EXERCISE OBJECTIVE » In the records below, find the line holding "Based on the image, which 3D cuboid surrounds the pile" and the line holding "Answer as one". Set down both, with every line between them, exactly.

DATASET RECORDS »
-- Opening Marker --

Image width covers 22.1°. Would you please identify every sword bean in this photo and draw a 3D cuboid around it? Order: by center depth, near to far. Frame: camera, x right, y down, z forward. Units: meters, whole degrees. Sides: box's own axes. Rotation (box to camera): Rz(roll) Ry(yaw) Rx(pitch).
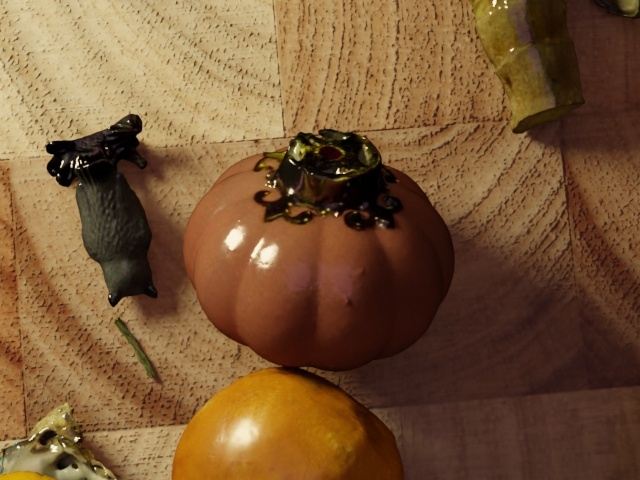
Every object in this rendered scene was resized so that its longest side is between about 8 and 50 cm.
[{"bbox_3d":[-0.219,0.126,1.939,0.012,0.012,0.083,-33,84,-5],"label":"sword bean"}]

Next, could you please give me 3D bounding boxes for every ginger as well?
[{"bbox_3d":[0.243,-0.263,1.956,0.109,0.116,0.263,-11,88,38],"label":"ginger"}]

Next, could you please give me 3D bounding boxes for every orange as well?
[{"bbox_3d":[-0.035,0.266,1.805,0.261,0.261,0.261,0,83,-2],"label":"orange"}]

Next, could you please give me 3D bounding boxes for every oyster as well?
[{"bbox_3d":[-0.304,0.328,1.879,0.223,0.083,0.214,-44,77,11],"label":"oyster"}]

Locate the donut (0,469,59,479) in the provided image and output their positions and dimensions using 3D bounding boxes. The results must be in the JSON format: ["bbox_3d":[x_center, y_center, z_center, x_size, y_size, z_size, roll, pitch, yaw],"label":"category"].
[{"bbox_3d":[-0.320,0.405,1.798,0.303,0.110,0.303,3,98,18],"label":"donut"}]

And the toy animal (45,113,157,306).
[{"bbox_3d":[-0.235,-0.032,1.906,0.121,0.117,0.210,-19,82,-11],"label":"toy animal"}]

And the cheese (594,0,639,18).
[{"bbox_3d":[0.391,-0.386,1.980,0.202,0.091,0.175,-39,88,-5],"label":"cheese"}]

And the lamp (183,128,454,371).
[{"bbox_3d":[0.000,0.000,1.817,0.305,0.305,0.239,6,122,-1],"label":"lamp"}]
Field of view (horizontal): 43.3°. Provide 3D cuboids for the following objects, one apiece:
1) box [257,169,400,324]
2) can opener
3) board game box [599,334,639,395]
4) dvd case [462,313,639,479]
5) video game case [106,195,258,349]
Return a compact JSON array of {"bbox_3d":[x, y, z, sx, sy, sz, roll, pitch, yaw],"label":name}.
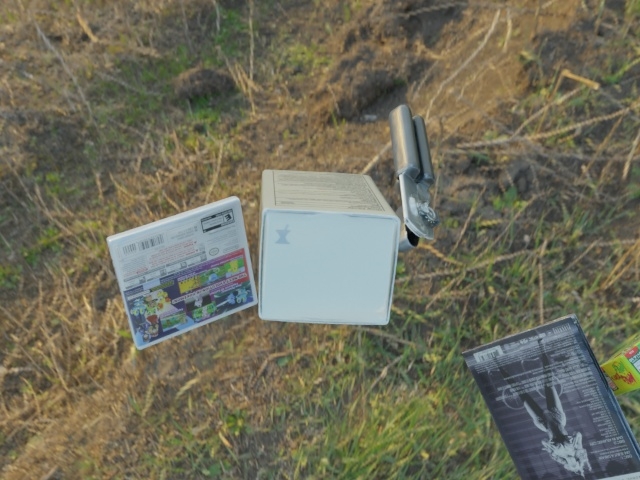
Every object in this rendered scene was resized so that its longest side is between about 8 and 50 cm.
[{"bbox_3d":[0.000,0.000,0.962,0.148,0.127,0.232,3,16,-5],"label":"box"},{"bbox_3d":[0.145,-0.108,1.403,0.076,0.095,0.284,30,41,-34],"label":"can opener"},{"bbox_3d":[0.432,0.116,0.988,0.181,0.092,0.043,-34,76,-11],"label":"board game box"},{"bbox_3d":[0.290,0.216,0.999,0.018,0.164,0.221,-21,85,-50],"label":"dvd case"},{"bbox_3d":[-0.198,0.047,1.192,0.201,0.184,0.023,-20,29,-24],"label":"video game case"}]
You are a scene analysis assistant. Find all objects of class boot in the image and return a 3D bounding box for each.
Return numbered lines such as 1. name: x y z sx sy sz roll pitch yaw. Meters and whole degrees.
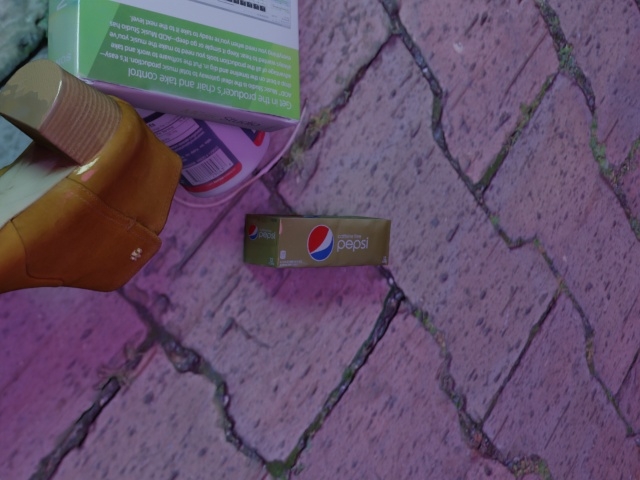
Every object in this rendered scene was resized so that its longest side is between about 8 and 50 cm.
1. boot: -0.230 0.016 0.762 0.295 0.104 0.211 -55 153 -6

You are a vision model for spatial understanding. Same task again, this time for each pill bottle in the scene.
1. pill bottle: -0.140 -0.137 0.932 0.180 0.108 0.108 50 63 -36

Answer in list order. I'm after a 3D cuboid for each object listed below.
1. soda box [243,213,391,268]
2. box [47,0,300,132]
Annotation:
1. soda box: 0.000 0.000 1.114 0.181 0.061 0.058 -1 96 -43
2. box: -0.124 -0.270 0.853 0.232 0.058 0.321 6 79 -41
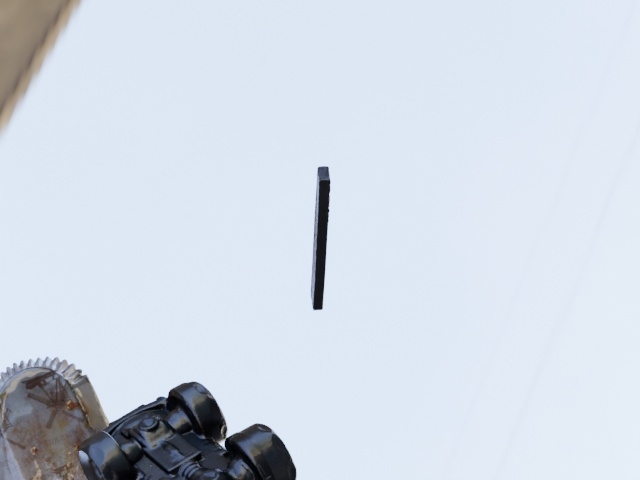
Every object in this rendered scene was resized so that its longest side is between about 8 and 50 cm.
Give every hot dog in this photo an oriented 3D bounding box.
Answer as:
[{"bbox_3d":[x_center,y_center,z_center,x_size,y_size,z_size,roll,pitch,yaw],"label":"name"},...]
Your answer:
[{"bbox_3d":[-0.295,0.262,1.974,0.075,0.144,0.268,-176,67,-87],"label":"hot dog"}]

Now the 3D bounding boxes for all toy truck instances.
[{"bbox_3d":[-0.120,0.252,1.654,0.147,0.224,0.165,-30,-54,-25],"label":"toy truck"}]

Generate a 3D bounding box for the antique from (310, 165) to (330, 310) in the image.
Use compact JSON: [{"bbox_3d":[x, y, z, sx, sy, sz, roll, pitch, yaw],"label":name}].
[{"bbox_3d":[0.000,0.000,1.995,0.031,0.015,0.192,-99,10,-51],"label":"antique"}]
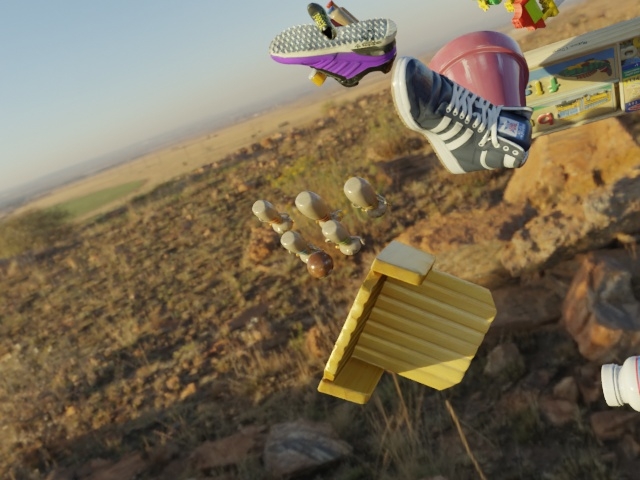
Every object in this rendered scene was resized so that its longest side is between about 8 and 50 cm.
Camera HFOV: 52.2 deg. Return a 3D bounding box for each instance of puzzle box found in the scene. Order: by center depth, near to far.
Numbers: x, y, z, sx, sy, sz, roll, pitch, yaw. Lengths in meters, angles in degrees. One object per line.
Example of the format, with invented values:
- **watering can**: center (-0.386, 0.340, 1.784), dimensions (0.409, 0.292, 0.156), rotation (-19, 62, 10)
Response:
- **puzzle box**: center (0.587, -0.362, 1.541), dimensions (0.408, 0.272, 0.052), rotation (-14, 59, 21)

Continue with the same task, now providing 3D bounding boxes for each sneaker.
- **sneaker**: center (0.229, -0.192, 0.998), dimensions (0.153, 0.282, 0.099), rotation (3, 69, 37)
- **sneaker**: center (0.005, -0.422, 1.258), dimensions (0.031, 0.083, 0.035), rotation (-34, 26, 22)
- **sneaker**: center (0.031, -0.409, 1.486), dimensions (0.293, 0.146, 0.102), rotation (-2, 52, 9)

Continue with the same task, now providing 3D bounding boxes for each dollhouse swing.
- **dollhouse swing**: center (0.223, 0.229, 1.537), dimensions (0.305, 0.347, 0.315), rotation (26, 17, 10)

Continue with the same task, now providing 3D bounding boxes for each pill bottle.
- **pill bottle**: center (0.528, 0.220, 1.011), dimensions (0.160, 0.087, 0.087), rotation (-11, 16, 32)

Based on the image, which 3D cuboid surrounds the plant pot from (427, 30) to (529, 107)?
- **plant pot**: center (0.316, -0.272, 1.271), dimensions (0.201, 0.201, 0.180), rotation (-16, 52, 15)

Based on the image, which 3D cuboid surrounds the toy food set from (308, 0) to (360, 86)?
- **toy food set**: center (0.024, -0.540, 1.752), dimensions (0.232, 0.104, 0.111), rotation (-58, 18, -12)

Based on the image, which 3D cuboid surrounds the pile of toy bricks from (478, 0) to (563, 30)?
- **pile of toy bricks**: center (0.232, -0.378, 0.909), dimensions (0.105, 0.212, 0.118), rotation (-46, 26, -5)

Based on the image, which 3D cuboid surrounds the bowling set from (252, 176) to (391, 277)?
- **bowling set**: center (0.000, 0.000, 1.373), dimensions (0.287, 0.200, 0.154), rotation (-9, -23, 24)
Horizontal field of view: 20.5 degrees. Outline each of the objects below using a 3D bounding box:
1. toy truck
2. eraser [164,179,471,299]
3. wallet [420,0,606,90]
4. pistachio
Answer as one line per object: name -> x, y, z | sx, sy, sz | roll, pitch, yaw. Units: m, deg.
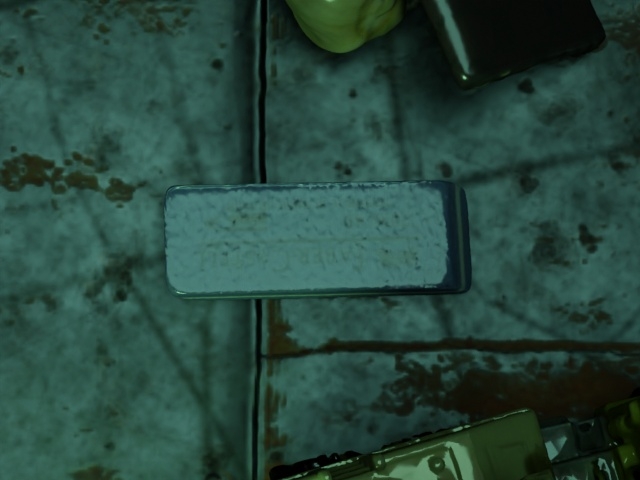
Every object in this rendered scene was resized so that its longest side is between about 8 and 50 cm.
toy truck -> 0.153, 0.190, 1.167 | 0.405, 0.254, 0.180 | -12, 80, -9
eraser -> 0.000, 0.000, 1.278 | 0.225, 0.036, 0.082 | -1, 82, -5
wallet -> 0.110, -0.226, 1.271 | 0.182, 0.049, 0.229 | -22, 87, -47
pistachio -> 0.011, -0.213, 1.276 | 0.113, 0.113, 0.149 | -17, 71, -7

-- Closing Marker --

EXERCISE ANSWER »
Based on the image, which 3D cuboid surrounds the pile of toy bricks from (478, 0) to (563, 30)?
- **pile of toy bricks**: center (0.232, -0.378, 0.909), dimensions (0.105, 0.212, 0.118), rotation (-46, 26, -5)

Based on the image, which 3D cuboid surrounds the bowling set from (252, 176) to (391, 277)?
- **bowling set**: center (0.000, 0.000, 1.373), dimensions (0.287, 0.200, 0.154), rotation (-9, -23, 24)
Horizontal field of view: 20.5 degrees. Outline each of the objects below using a 3D bounding box:
1. toy truck
2. eraser [164,179,471,299]
3. wallet [420,0,606,90]
4. pistachio
Answer as one line per object: name -> x, y, z | sx, sy, sz | roll, pitch, yaw. Units: m, deg.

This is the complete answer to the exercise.